Excerpted data:

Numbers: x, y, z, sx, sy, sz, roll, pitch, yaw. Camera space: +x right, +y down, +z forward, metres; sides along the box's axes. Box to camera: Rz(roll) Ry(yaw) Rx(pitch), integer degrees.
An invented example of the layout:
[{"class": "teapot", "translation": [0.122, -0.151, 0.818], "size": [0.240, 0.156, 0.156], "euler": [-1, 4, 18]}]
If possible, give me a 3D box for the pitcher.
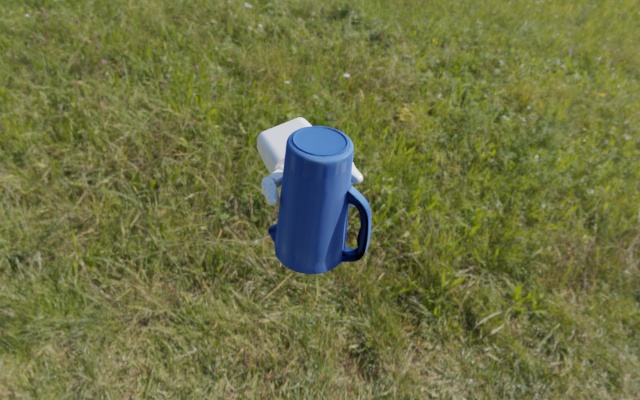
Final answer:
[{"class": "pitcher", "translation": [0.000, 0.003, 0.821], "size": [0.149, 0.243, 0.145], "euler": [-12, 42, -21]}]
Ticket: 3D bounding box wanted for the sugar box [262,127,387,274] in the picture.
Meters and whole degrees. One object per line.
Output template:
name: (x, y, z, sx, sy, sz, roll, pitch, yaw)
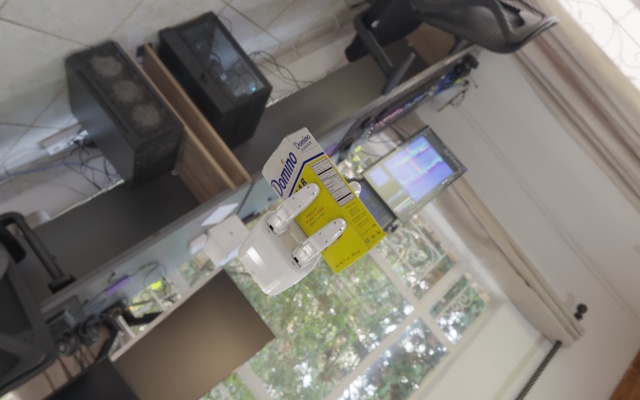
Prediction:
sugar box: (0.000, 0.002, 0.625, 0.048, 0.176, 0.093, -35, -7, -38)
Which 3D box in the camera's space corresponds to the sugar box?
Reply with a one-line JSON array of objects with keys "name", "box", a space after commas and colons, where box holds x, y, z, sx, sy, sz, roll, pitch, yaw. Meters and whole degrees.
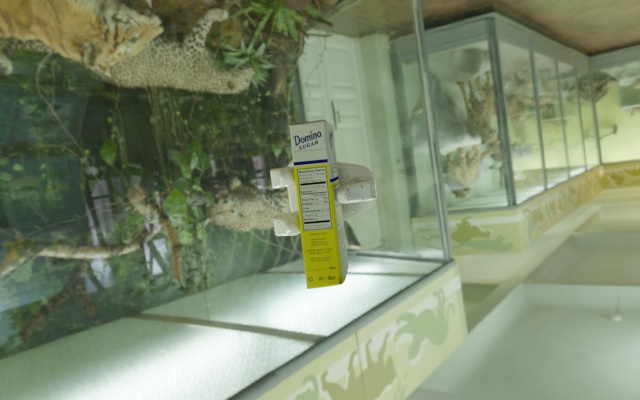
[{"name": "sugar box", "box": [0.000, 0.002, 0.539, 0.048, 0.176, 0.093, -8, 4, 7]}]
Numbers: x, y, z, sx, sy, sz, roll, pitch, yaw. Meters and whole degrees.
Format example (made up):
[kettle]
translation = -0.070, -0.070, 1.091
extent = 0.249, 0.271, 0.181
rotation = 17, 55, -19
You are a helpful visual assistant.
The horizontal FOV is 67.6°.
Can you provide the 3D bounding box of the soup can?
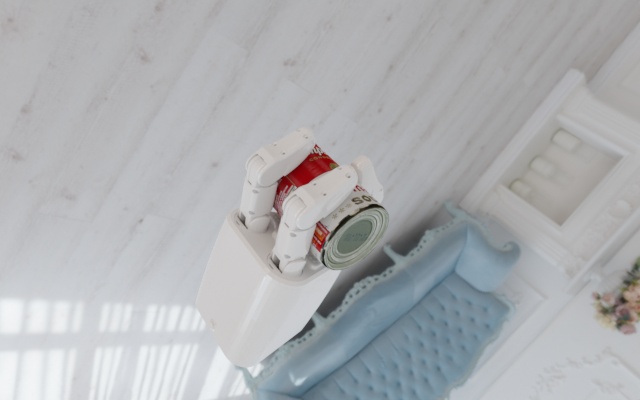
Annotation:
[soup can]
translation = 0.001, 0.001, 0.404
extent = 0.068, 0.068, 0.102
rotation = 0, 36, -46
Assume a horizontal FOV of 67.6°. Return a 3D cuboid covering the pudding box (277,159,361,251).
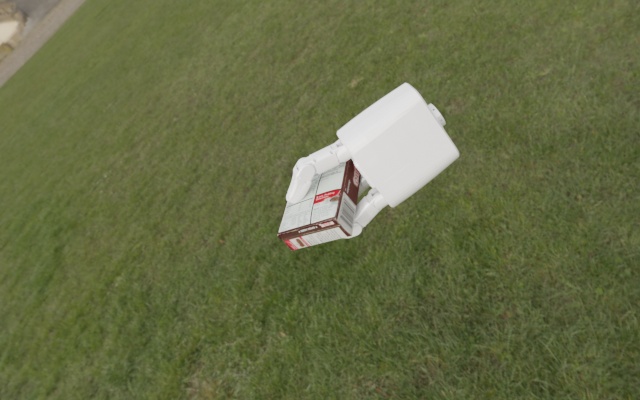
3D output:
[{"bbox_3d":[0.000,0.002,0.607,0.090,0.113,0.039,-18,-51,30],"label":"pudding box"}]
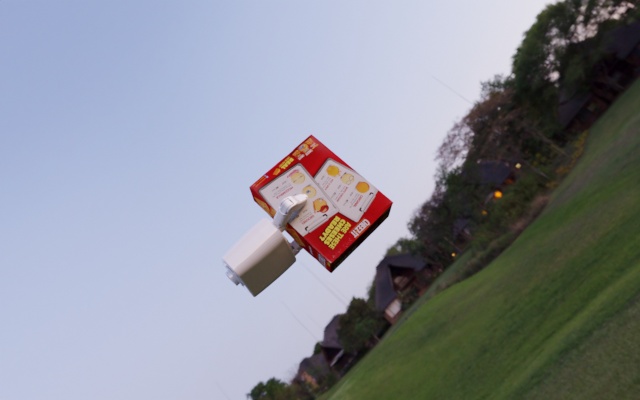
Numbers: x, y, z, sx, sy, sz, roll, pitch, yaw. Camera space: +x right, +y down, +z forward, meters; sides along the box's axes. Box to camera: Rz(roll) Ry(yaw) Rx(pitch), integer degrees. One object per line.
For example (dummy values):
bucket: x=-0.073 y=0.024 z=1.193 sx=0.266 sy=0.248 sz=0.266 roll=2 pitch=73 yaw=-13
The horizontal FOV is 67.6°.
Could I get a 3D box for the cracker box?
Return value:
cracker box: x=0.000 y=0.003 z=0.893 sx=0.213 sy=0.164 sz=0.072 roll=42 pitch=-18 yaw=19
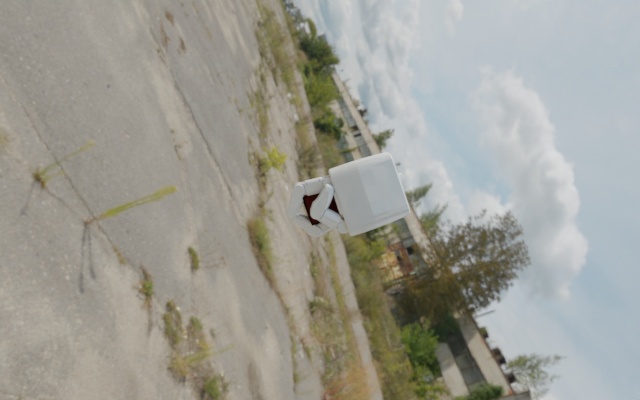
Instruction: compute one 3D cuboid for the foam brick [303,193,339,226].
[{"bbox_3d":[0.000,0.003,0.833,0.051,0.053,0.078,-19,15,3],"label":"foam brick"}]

==

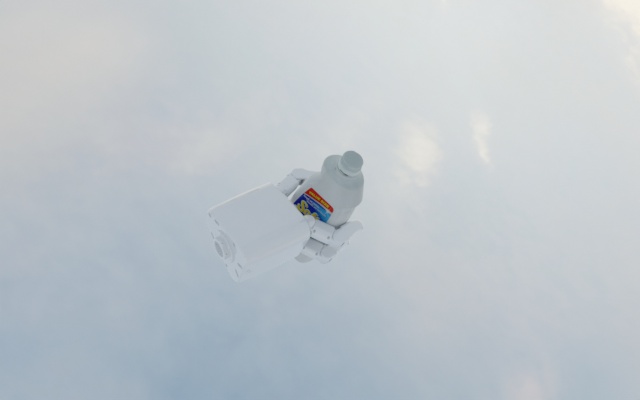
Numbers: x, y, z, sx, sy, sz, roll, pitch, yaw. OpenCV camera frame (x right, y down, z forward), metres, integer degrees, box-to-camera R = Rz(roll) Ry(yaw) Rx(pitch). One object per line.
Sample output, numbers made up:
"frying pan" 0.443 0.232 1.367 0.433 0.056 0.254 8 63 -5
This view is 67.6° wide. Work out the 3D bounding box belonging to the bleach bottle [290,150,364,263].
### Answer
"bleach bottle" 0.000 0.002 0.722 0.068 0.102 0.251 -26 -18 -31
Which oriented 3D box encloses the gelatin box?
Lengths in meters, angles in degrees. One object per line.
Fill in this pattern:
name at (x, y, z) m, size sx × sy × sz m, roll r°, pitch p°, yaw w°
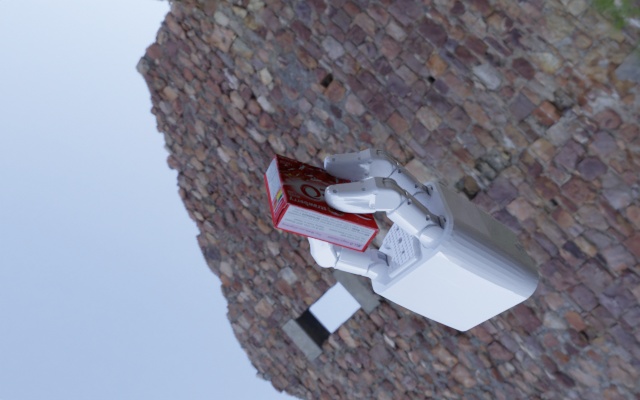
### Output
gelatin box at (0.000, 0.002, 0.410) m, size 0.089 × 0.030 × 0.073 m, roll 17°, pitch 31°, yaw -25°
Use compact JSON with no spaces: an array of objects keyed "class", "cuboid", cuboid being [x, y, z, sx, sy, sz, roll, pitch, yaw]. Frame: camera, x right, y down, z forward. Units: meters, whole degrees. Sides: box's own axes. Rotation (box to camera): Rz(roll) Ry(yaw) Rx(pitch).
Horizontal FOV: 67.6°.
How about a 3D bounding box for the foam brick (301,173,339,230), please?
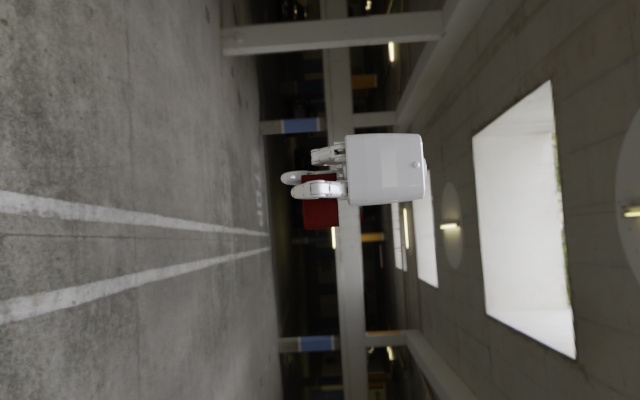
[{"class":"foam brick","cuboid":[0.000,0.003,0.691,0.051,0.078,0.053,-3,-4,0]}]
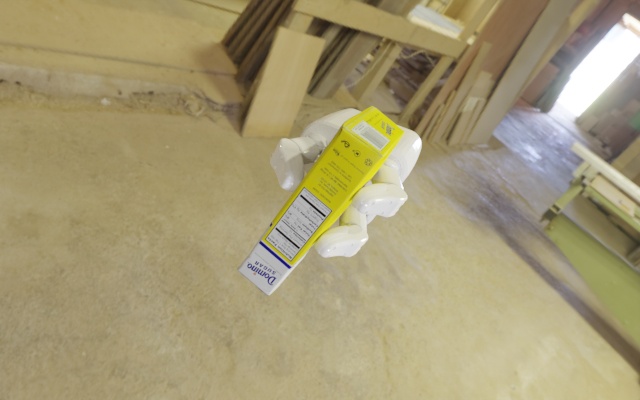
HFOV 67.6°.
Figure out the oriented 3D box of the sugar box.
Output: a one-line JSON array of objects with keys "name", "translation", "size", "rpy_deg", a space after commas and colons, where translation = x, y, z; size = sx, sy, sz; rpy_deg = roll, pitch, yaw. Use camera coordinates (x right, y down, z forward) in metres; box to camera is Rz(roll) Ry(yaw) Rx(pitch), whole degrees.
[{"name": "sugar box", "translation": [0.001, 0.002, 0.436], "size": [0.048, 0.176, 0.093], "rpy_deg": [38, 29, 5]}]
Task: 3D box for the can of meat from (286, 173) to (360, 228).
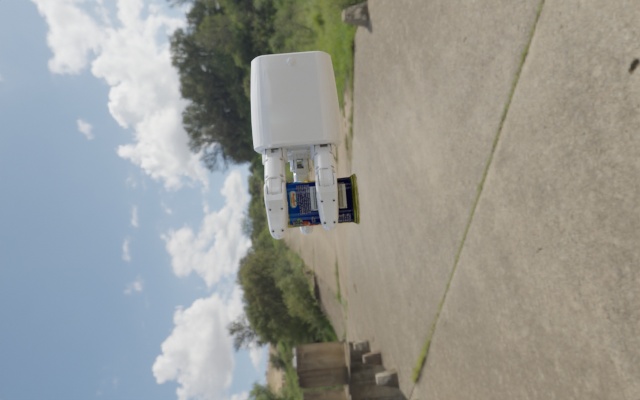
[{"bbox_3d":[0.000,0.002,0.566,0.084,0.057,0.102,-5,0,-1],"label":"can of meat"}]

Assignment:
In the entries above, how many lines include the word "along"? Only the number should be given.

Solution for this task:
2